Endlich zu Hause angekommen
Sie roch den unverkennbaren Duft seines heißen Schweißes, der noch von der Hitze der vergangen Stunden im Zimmer stand. Sie spürte noch immer die Wärme seines Körpers auf ihrer Haut, obwohl er schon lange neben ihr lag und friedlich schlief. Die Erinnerung war immer noch so lebendig, obwohl er Meilen entfernt, auf der anderen Seite des Bettes lag.

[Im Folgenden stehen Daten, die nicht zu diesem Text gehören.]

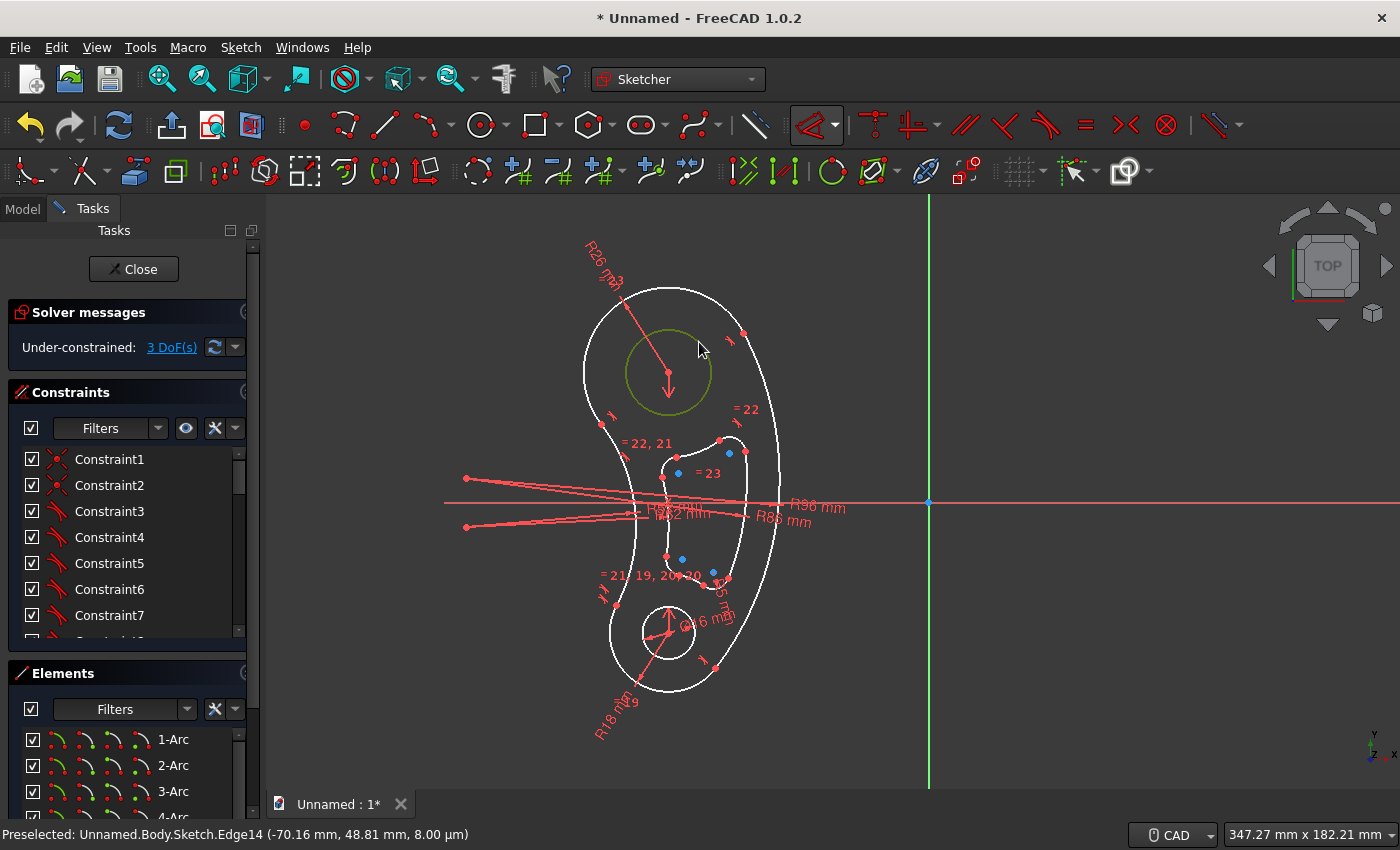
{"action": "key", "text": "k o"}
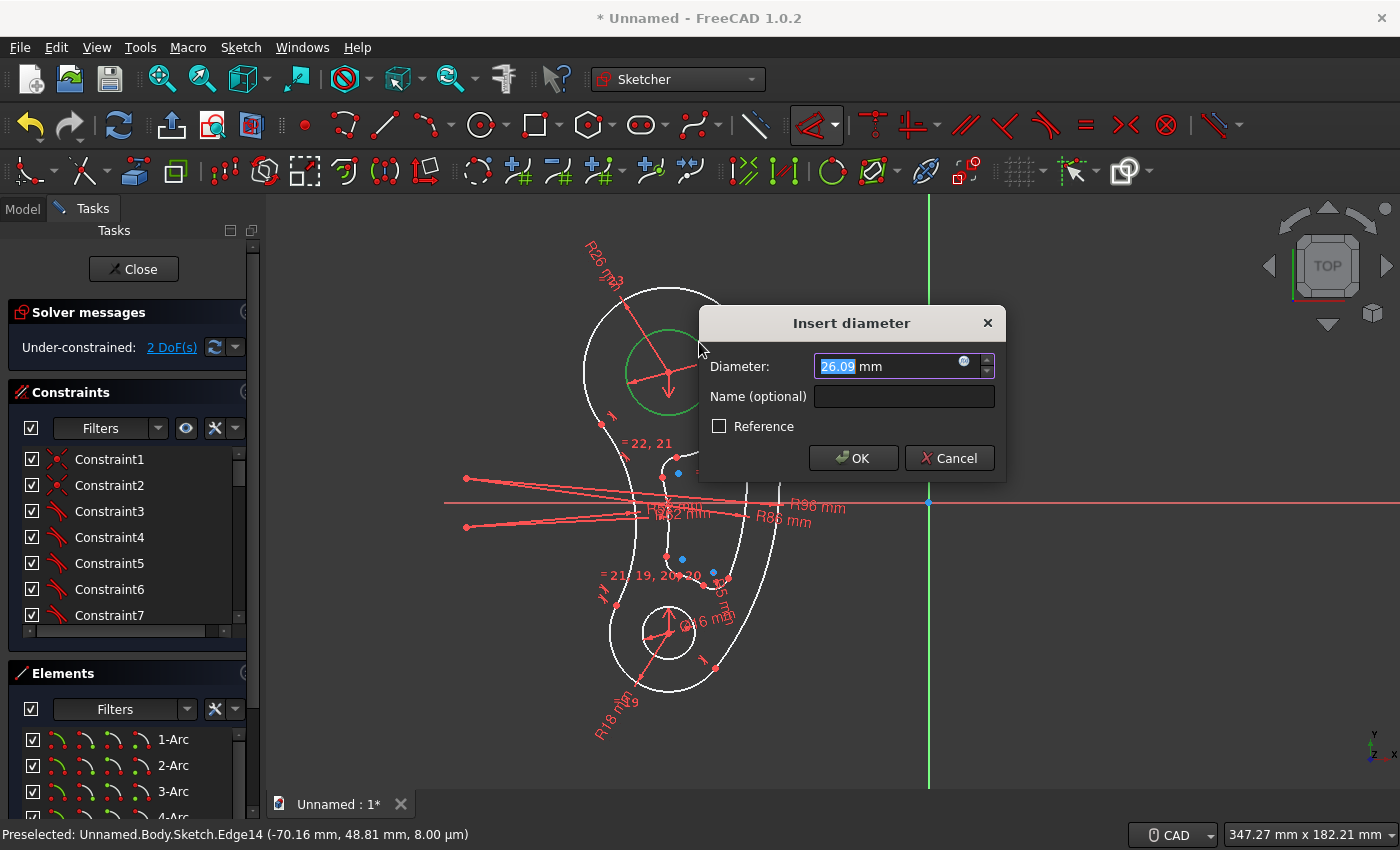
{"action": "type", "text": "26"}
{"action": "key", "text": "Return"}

Er war in ihren Armen eingeschlafen und seine wirren Haare lagen dicht an ihrer Schulter.
Ihre Blicke trafen fast scheu sein wehrlos offenes Gesicht, als würden sie ein Heiligtum entweihen, das sie zu hüten hätte, aber nicht betreten durfte.
Sie fühlte sich wie eine Schauspielerin in einem Theaterstück, welches ein Abenteuer zum Besten gab, dass nichts mit ihrem Leben zu tun hatte.
Als sie die Augen aufschlug umfing sie die Nacht. Obwohl es eine heiße Augustnacht war, fröstelte sie unter ihrer Decke.
Sie konnte nicht mehr schlafen.
Sie stand auf und ging barfuß zum Fenster. Die Scheinwerfer eines einsamen Autos streiften ihr Gesicht, in welchem noch die Röte und die Hitze der vergangenen Stunden gefangen waren. Sie schaute in die Nacht und erblickte den sanften Schein des Mondes. Sie lauschte den Geräuschen des Hauses und hörte das Lied der schlafenden Großstadt. Einen Schauer überlief sie und es fühlte sich wunderbar an. Sie liebte diese Stadt, ihre Stadt.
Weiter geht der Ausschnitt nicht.